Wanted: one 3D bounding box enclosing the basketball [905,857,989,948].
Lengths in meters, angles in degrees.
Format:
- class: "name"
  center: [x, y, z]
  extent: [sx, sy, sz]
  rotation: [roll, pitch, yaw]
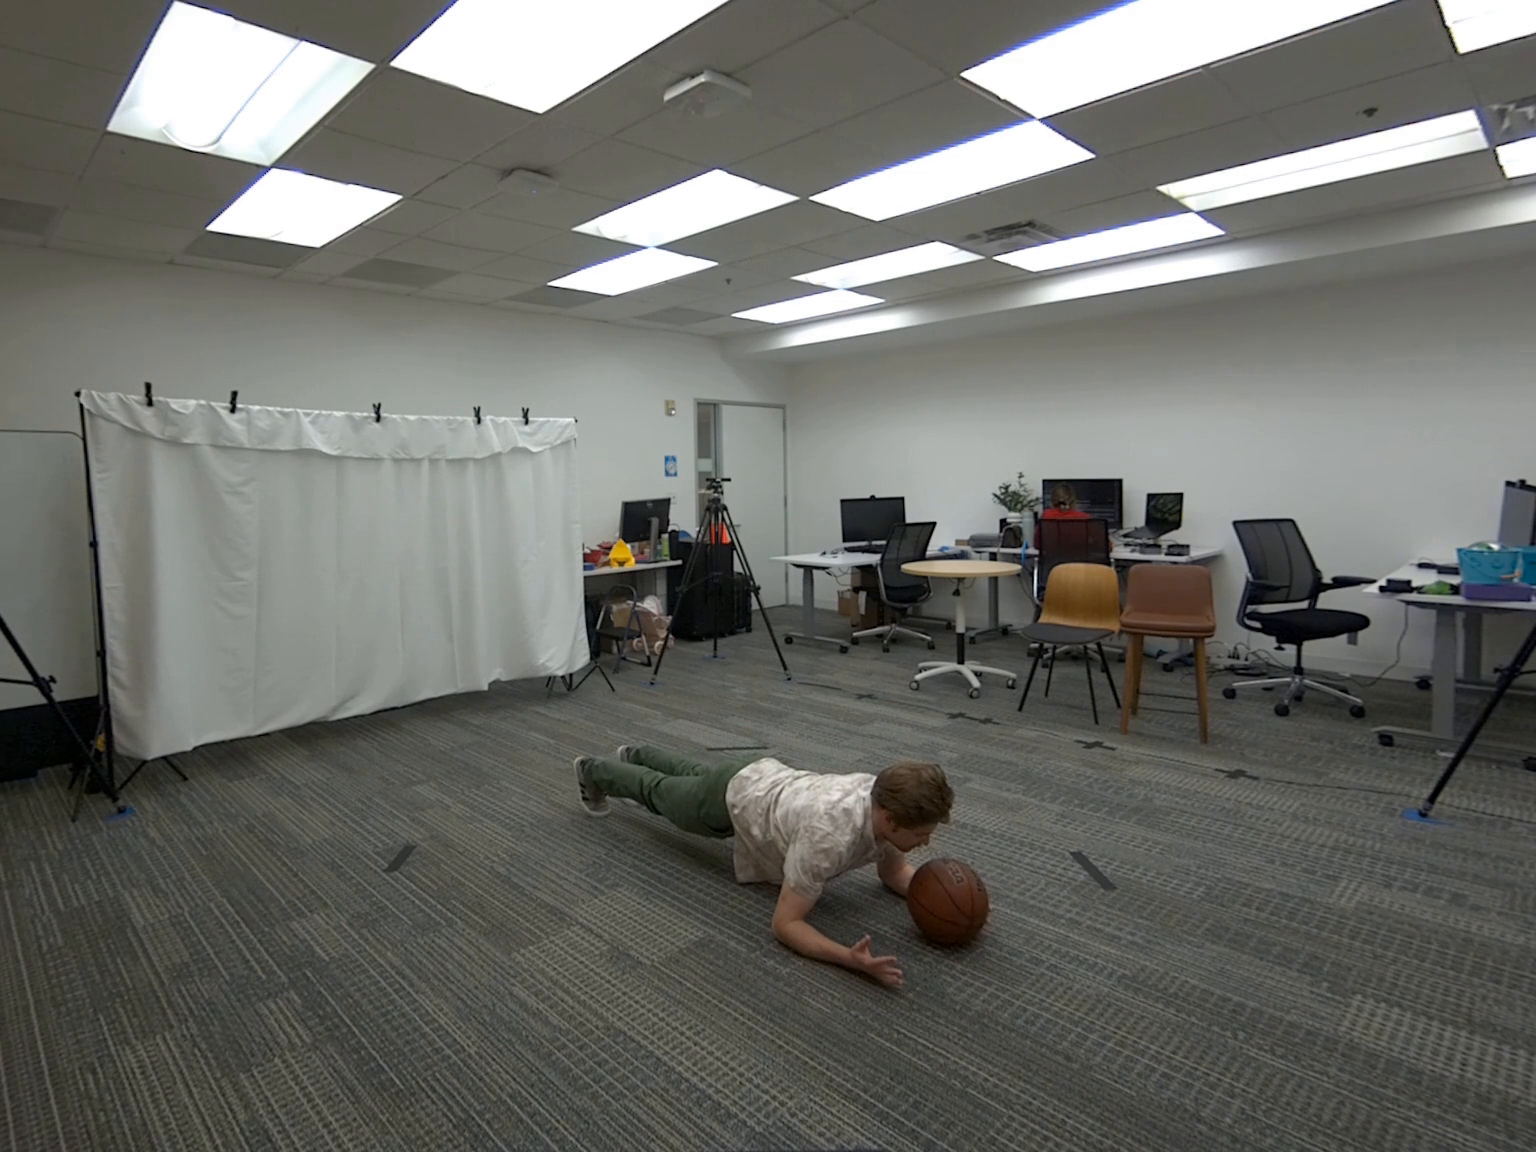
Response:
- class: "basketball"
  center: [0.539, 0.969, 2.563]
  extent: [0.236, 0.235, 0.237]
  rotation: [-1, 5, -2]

____

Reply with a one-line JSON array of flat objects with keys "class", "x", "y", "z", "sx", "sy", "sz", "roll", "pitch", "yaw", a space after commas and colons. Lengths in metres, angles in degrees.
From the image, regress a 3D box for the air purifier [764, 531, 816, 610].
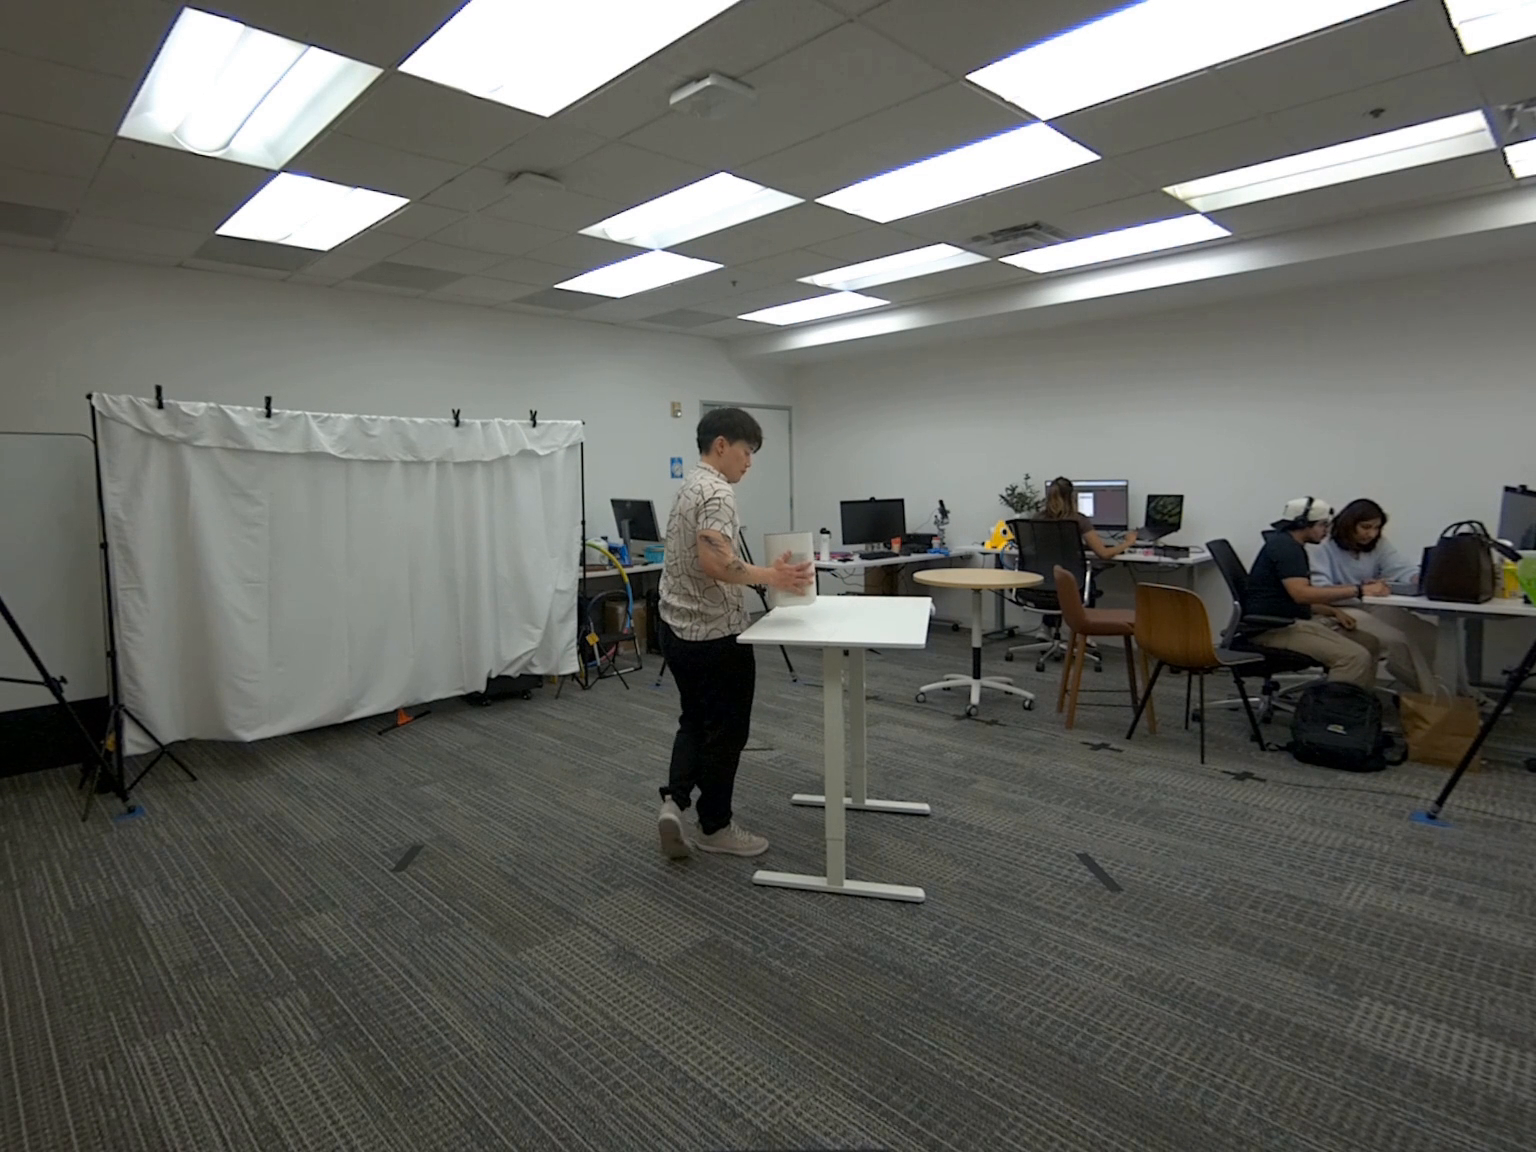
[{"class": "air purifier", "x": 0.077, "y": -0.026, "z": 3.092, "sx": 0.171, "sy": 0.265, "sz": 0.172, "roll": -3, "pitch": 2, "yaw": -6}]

____

**Action item:** The expected answer is an exact copy of the lines above, beginning at the line with "Wanted: one 3D" and ending at the line with "rotation: [roll, pitch, yaw]", with both ends in.

**Output:**
Wanted: one 3D bounding box enclosing the basketball [905,857,989,948].
Lengths in meters, angles in degrees.
Format:
- class: "name"
  center: [x, y, z]
  extent: [sx, sy, sz]
  rotation: [roll, pitch, yaw]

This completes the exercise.